Co-localization of RAGE with GFAP-positive astrocytes in the hippocampal area CA1 of aged 3xTg-AD mice. Confocal images of triple-labeling with RAGE, GFAP and Iba-1 in the hippocampus and cortex (CTX) in aged non-Tg control (a) and 3xTg-AD (b) mouse. Immunoreactivity of GFAP-positive astrocytes in aged 3xTg-AD mice was not significantly different from that in aged non-Tg control mice, even though immunoreactivity in the CA1 was higher (c). However, the signals of RAGE (blue) co-localized with GFAP (green)-positive astrocytes (Iba-1 (red), d) (see reverse triangles). The number of RAGE-expressing astrocytes in the hippocampal area CA1 in aged3xTg-AD was significantly higher than in non-Tg controls (e,*P<0.05). Data are the means±s.e.m. (adult: n=6; aged: n=10). Scale bar=200 μm.

Figure 4

Distribution of 4G8-positive APP/Aβ and its co-localization with RAGE in aged 3xTg-AD mice. Confocal images of double-labeling with RAGE and 4G8 in the hippocampus and cortex (CTX) in aged non-Tg control (a, d) and 3xTg-AD (b, e) mouse. Immunoreactive labeling for 4G8, a monoclonal antibody detecting APP/Aβ, was increased in aged 3xTg-AD mice compared with aged non-Tg controls (c). Notably, in the cortex, the immunoreactivity of 4G8 was significantly increased only in layer 5, whereas there were no differences in other layers (c). In the hippocampus, 4G8 immunoreactivity was significantly increased in area CA1 and CA3 but not in the DG (c). Labeling for intracellular 4G8 in neurons was co-localized with RAGE expression, whereas that for extracellular 4G8 was not (e). Data are means±s.e.m. (adult: n=6; aged: n=10). *P<0.05. Scale bar=100 μm.

Figure 5

Distribution of HT7-positive human tau protein and its co-localization with RAGE in aged 3xTg-AD mice.
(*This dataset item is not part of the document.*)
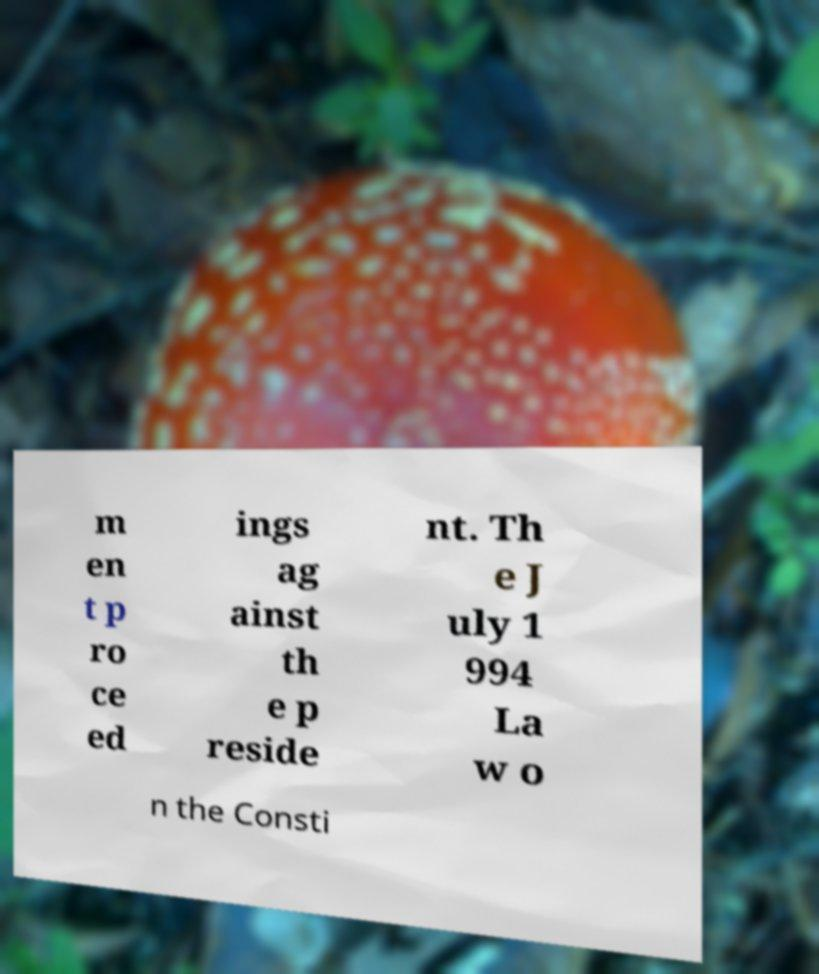There's text embedded in this image that I need extracted. Can you transcribe it verbatim? m en t p ro ce ed ings ag ainst th e p reside nt. Th e J uly 1 994 La w o n the Consti

Confocal images of double-labeling with RAGE and HT7 in the hippocampus and cortex (CTX) in aged non-Tg control (a, d) and 3xTg-AD (b, e) mice. Immunoreactivity of HT7, a marker of human tau protein, was higher in the hippocampal area CA1 of aged 3xTg-AD mice compared with aged non-Tg control (c). HT7 labeling overlapped with RAGE. In aged 3xTg-AD mice, HT7 was expressed in some cortical neurons, CA1 neurons, and some axons of the mossy fiber, whereas the DG and hippocampal area CA3 did not show immunoreactivity for HT7 when compared with aged non-Tg controls (e). Data are means±s.e.m. (adult: n=6; aged: n=10). **P<0.01. Scale bar=100 μm.